“The lady whose picture you showed on TV. I’m manager at Surety Rent-a-Car
on Fulton. She’s at the counter now.”
Heat checked over her shoulder and gunned the car out into traffic. “You sure it’s
her?”
“No. But it sure looks like her.”
“What’s she doing?”
“Asking to rent a truck.”
In spite of the gymnastics required to access on-and off-ramps, the FDR won the toss
for fastest route from Kips Bay to Lower Manhattan. Heat figured whatever time she
lost in backtracking to get on and off the highway, she more than made up for by
circumventing the one-ways and surface snarls.
She pushed it, racing there Code Three, to the delight of her ride-along journalist.

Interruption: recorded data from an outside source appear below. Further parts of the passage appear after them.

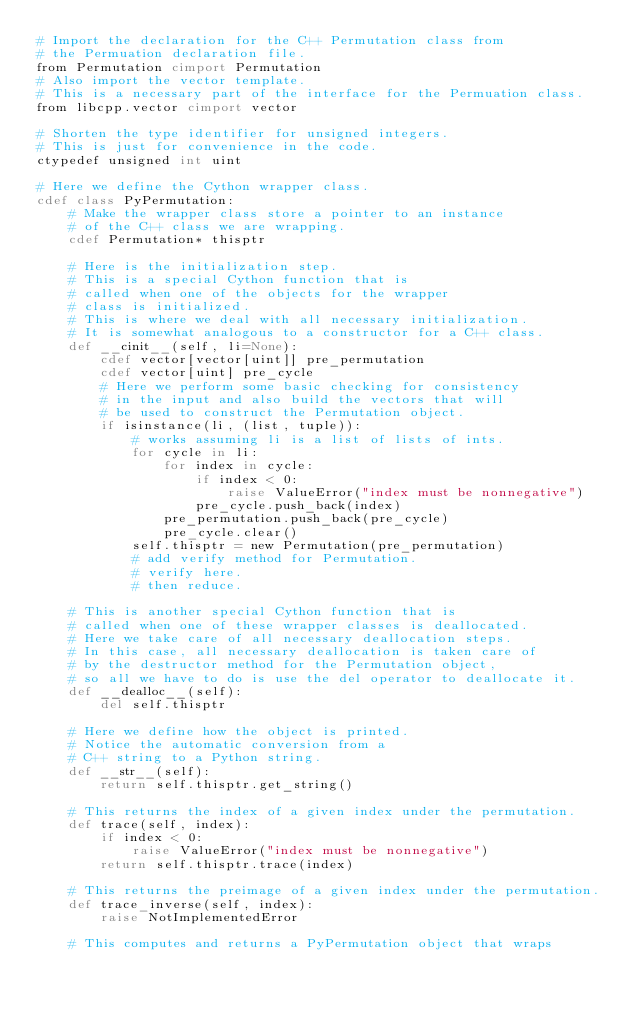<code> <loc_0><loc_0><loc_500><loc_500><_Cython_># Import the declaration for the C++ Permutation class from
# the Permuation declaration file.
from Permutation cimport Permutation
# Also import the vector template.
# This is a necessary part of the interface for the Permuation class.
from libcpp.vector cimport vector

# Shorten the type identifier for unsigned integers.
# This is just for convenience in the code.
ctypedef unsigned int uint

# Here we define the Cython wrapper class.
cdef class PyPermutation:
    # Make the wrapper class store a pointer to an instance
    # of the C++ class we are wrapping.
    cdef Permutation* thisptr
    
    # Here is the initialization step.
    # This is a special Cython function that is
    # called when one of the objects for the wrapper
    # class is initialized.
    # This is where we deal with all necessary initialization.
    # It is somewhat analogous to a constructor for a C++ class.
    def __cinit__(self, li=None):
        cdef vector[vector[uint]] pre_permutation
        cdef vector[uint] pre_cycle
        # Here we perform some basic checking for consistency
        # in the input and also build the vectors that will
        # be used to construct the Permutation object.
        if isinstance(li, (list, tuple)):
            # works assuming li is a list of lists of ints.
            for cycle in li:
                for index in cycle:
                    if index < 0:
                        raise ValueError("index must be nonnegative")
                    pre_cycle.push_back(index)
                pre_permutation.push_back(pre_cycle)
                pre_cycle.clear()
            self.thisptr = new Permutation(pre_permutation)
            # add verify method for Permutation.
            # verify here.
            # then reduce.
    
    # This is another special Cython function that is
    # called when one of these wrapper classes is deallocated.
    # Here we take care of all necessary deallocation steps.
    # In this case, all necessary deallocation is taken care of
    # by the destructor method for the Permutation object,
    # so all we have to do is use the del operator to deallocate it.
    def __dealloc__(self):
        del self.thisptr
    
    # Here we define how the object is printed.
    # Notice the automatic conversion from a
    # C++ string to a Python string.
    def __str__(self):
        return self.thisptr.get_string()
    
    # This returns the index of a given index under the permutation.
    def trace(self, index):
        if index < 0:
            raise ValueError("index must be nonnegative")
        return self.thisptr.trace(index)
    
    # This returns the preimage of a given index under the permutation.
    def trace_inverse(self, index):
        raise NotImplementedError
    
    # This computes and returns a PyPermutation object that wraps</code>

When they passed the South Street Seaport to turn up Fulton, Heat killed the siren
so—if the woman really was Salena Kaye—they wouldn’t tip her off to their
arrival. While Nikki concentrated on her wheel work, she handed Rook the phone to
speed-dial Bart Callan at Homeland Security, who put out the call to his agents to
meet and intercept.
Rook spotted the Surety Rent-a-Car sign ahead on the right, adjacent to an
underground parking garage. “I’m serious,” said Heat, “stay with the car.” With
that she notched it in park and hopped out right in the middle of the street,
leaving the engine running and the gumball flashing as she jogged two doors up the
sidewalk and into the garage entrance with her hand on her hip.
An Asian man in a long-sleeved shirt and a tie pushed open the glass door to the
rental office as Heat approached. “Detective, that way. She saw you.” He pointed
urgently into an alcove of putty-colored cinder block in the corner of the garage,
where a motorized overhead wheel spun, feeding a bright yellow upright conveyor belt
down a three-foot hole in the concrete floor. Heat paused.
A man lift.
She had seen these things before; man lifts were in use all over the city at
construction sites and parking garages. She’d never been on one and had never hoped
to be. Not since she was a uniform and had to guard the remains of the parking
attendant who fell off one. What she really remembered was the poor guy’s elongated
blood smear circulating on the continuous-loop belt until somebody turned it off.
Nikki checked the street, hoping to see some DHS backup. Then she addressed the man
lift. The next toe-step fed by. She grabbed the guard handle, and got on.
Falling didn’t worry her as much as the vulnerability. Disappearing down a hole in
the floor was one thing. Riding feet first through a hole in the ceiling to the
level below with your back exposed to an open garage made you a sitting—or hanging
—duck. So Heat flouted OSHA safety rules and one-handed the grip, turned out from
the belt instead of facing it, and held her Sig in the free hand. Heat hopped off on
Level 2, found cover behind a metal trash can, and scanned the line of parked
rentals under the humming fluorescents.
Out on Fulton, horns blasted. Rook accepted car horns as just the brass section of
the New York soundtrack, but when he turned and saw the long line jammed by Heat’s
hasty parking job, he got out, waved to the queue as he came around the trunk, and
got in the open driver’s side door. “Technically, I am still in the car.” He put
the transmission in drive and eased the Crown Victoria to the side, still double-
parked, but leaving sufficient room for others to pass.
Before Heat made a move, she looked up. The last time she’d found herself in a
parking structure with Salena Kaye, she’d dropped on Nikki from above. Know your
enemy, she thought, then crept forward, easing the soles of her shoes on the
concrete, both to hear better and not to be heard as she ducked down to see under
the cars.
A sound.
One tiny piece of grit, cracking under a shoe.